Key words: error minimization, housekeeping, mRNA folding energy, synonymous rates, tissue specific, tRNA copy number
1. Introduction
The completed genome sequences of rice1 (Oryza sativa) and Arabidopsis2 (Arabidopsis thaliana) constitute a valuable resource for comparative genomic analysis, as they are representatives of the two major evolutionary lineages within the angiosperms: the monocotyledons and the dicotyledons. The divergence in codon usage patterns between rice and Arabidopsis genes has occurred since the evolutionary divergence of the dicots and monocots ∼200 million years (My) ago, with increment in GC content of some rice genes.3,4 The large scale variation in DNA base composition due to increment of GC revealed two gene classes, namely GC-rich and GC-poor in monocots, but not in dicots.5–8 It is estimated that codon usage variation in monocots is mainly determined by spatial arrangement of genomic G + C-content, i.e. the isochore structure similar to mammals.9 The biased gene distribution in the rice genome raised a question about the distribution of tissue-specific and widely expressed genes according to the GC level of the isochores. Several studies indicated that the distribution of widely expressed genes in human is not correlated with GC levels of isochores.10–13 However, Lercher et al.14 reported that there is a strong correlation between gene expression breadth and GC content in human, suggesting that there might be selective pressure favoring the concentration of housekeeping genes in GC-rich isochors. Evolutionary studies on housekeeping and tissue-specific genes in mammalian genome have recently gained much more interest.15–18 Working on codon usage of tissue-specific genes in human, interestingly, Plotkin et al.19 reported that there is a significant difference in synonymous codon usage between genes specifically expressed in different human tissues. The results suggest that selective constraint acts on synonymous codon usage to optimize translation by adapting to the pool of tRNAs available in each tissue for tissue-specific genes in human.19 However, Semon et al.20 by analyzing 2126 human tissue-specific genes expressed in 18 libraries demonstrated that there is no evidence for tissue-specific adaptation of synonymous codon usage in human.
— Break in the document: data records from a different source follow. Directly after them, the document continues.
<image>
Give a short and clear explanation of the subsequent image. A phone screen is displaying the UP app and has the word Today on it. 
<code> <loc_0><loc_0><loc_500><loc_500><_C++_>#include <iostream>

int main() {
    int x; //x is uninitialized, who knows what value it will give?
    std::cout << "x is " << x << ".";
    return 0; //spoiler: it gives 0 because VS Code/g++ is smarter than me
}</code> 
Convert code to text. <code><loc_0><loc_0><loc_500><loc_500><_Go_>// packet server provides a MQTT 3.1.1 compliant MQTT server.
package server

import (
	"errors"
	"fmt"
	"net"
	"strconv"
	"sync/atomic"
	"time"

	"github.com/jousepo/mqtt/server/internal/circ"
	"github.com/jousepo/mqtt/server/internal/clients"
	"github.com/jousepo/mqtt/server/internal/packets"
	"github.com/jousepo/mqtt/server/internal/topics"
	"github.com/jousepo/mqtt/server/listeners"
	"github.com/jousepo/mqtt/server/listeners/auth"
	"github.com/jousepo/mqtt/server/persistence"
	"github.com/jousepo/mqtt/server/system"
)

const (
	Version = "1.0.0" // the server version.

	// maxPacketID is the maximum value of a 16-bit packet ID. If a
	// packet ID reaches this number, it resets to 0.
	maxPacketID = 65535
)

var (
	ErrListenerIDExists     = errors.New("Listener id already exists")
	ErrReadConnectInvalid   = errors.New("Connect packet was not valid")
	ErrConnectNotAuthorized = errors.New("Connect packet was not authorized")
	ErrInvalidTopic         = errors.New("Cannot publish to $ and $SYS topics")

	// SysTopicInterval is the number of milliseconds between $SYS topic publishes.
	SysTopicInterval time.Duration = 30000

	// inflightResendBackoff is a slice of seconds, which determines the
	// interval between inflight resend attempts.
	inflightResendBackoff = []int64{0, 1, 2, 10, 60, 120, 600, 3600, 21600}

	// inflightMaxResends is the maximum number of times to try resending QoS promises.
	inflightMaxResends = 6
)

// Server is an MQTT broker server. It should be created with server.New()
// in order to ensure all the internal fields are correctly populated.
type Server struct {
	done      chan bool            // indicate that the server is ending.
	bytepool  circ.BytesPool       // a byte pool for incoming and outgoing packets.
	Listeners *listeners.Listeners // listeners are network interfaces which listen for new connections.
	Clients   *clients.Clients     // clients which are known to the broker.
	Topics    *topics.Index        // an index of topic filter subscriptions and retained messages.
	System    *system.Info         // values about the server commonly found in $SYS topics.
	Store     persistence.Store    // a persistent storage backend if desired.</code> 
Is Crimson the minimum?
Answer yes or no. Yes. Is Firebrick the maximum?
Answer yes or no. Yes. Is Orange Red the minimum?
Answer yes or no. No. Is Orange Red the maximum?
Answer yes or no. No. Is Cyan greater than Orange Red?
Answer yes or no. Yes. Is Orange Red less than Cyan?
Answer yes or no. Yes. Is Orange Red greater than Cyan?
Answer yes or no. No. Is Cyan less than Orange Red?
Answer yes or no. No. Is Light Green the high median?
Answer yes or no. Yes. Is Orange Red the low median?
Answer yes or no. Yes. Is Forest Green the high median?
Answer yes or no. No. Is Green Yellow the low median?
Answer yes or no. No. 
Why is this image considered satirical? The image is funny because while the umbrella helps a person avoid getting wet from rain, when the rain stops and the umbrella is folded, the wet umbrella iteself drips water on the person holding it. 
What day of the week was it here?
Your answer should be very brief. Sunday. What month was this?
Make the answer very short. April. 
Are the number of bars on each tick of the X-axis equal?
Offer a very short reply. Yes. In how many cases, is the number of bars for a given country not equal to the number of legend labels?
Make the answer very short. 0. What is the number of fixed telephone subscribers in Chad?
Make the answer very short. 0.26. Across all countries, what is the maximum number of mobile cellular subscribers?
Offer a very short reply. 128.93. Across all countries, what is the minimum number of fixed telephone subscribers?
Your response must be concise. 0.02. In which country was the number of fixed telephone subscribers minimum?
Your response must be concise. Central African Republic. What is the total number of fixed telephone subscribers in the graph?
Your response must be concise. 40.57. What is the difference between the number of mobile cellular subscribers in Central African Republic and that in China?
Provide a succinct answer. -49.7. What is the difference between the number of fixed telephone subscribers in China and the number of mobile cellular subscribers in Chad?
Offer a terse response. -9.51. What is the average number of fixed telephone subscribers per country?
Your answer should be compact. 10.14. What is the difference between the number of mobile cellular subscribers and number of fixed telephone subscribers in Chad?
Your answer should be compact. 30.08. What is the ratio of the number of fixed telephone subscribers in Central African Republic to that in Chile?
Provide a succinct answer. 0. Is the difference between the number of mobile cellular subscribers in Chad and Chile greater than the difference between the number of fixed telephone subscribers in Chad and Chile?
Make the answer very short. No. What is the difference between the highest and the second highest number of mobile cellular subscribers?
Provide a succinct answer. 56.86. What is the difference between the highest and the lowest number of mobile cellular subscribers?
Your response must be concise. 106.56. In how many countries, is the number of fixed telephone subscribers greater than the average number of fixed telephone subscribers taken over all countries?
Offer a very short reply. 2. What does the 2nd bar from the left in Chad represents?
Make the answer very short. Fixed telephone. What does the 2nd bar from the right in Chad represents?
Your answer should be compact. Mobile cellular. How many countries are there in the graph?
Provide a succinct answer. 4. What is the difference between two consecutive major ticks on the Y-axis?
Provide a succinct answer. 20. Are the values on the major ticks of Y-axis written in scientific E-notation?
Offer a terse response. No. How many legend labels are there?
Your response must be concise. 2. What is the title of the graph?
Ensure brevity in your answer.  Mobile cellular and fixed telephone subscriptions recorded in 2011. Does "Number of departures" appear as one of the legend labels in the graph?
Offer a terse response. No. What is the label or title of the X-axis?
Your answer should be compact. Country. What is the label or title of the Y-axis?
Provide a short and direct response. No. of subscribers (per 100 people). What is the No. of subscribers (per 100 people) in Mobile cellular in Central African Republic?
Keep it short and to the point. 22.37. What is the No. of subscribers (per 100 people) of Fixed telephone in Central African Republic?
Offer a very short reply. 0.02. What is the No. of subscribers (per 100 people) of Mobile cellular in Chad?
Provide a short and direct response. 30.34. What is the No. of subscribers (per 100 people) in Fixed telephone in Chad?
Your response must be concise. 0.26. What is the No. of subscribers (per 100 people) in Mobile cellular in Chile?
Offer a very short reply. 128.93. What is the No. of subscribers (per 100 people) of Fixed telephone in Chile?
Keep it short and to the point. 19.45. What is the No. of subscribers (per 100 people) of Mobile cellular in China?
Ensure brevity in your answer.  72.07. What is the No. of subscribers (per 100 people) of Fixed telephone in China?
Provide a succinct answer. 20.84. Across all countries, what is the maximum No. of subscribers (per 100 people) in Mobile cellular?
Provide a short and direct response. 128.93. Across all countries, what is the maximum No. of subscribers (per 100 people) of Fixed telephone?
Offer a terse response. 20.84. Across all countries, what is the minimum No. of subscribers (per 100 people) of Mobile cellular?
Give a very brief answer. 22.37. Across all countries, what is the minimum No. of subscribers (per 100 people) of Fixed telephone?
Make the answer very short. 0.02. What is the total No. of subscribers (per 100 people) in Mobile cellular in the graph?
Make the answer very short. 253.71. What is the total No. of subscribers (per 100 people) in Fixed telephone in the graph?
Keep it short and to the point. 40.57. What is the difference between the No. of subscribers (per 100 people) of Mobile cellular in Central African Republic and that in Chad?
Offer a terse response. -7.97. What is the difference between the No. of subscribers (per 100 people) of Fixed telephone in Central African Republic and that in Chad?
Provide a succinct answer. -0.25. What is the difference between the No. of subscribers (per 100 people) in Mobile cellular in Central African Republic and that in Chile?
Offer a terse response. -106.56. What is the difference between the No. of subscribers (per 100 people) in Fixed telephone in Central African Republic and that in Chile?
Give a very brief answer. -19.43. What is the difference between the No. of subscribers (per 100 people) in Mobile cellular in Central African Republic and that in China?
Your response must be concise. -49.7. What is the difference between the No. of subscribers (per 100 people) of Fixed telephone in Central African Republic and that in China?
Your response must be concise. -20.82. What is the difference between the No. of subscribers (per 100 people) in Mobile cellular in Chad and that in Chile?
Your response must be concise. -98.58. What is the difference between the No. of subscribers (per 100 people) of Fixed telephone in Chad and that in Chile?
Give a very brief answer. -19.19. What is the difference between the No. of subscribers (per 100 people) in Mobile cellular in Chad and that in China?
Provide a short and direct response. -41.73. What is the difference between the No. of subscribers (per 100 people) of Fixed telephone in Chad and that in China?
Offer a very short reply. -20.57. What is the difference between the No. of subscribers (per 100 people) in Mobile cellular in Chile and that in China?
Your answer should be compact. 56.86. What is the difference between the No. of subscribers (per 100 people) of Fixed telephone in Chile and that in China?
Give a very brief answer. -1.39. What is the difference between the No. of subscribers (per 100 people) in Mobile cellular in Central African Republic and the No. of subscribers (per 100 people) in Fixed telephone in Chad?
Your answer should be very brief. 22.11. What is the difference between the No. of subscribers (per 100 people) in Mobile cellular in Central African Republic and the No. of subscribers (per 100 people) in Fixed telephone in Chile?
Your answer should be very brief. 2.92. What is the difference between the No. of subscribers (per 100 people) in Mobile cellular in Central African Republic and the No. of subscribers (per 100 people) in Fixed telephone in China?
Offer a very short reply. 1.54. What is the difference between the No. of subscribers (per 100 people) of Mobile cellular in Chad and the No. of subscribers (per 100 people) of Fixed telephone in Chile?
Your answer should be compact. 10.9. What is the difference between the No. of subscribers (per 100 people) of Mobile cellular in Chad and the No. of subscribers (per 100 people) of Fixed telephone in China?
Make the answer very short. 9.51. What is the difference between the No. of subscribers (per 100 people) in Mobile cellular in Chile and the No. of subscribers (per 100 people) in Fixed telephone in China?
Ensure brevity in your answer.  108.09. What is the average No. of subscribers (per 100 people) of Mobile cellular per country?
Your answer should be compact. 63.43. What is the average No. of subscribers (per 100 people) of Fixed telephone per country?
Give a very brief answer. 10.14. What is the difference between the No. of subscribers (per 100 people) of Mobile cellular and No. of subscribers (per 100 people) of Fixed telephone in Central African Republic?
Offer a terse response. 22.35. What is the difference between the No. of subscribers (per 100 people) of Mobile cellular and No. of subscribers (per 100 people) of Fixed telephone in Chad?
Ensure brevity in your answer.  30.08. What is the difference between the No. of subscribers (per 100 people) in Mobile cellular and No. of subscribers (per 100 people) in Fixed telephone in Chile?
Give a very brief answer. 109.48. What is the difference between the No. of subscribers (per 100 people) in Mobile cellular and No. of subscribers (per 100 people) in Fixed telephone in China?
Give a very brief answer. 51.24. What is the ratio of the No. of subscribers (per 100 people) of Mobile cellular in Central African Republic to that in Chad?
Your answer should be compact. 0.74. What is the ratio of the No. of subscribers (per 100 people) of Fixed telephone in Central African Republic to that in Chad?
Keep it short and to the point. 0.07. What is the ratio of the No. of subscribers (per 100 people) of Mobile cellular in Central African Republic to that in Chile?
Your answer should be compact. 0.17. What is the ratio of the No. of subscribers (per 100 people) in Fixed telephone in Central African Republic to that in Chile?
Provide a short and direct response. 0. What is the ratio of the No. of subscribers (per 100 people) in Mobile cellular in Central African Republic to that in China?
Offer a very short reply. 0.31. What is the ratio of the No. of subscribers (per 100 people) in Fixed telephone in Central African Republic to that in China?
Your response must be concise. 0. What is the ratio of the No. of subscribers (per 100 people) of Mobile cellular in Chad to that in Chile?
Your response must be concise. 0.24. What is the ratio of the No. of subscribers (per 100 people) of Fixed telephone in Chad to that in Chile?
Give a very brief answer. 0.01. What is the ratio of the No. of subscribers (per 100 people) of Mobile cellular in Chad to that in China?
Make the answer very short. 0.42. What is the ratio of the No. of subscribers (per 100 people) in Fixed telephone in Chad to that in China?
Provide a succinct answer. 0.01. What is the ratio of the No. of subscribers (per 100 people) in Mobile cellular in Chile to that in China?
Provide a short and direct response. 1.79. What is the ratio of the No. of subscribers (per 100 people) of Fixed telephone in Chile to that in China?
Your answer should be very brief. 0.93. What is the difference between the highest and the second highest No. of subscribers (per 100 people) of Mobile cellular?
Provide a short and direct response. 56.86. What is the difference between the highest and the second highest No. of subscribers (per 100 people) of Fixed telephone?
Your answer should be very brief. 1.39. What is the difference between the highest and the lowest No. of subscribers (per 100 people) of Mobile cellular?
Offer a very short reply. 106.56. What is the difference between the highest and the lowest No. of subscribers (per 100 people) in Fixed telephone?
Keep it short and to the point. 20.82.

Conversely, all the previous studies on housekeeping and tissue-specific genes have been done on human genome. Rice which is heterogeneous in base composition similar to human has not been explored till date. Rice–Arabidopsis pair is a well-known model to study codon usage divergence in plants.4,21 Availability of whole genome expression data for both rice and Arabidopsis has made it possible to examine the pattern of evolutionary forces shaping codon usage in housekeeping and tissue-specific genes of these two plants. In the present study, we have traced the pattern of evolutionary forces shaping codon usage in both housekeeping and tissue-specific genes of rice and Arabidopsis and discussed the presence of contrasting selective constraint affecting the evolution of these sets of genes.
2. Materials and methods
2.1. Sequence data
The genomes of rice and Arabidopsis were downloaded, respectively, from RiceGAAS Rice Genome Automated Annotation System ftp://ftp.dna.affrc.go.jp/pub/RiceGAAS/current/ and Arabidopsis Information Resource (TAIR) http://www.arabidopsis.org/. All sequences having <100 codons were ignored from our data set. Also, genes containing internal stop codons were removed and thus data set comprising a total of 18 658 rice genes was taken for further analysis.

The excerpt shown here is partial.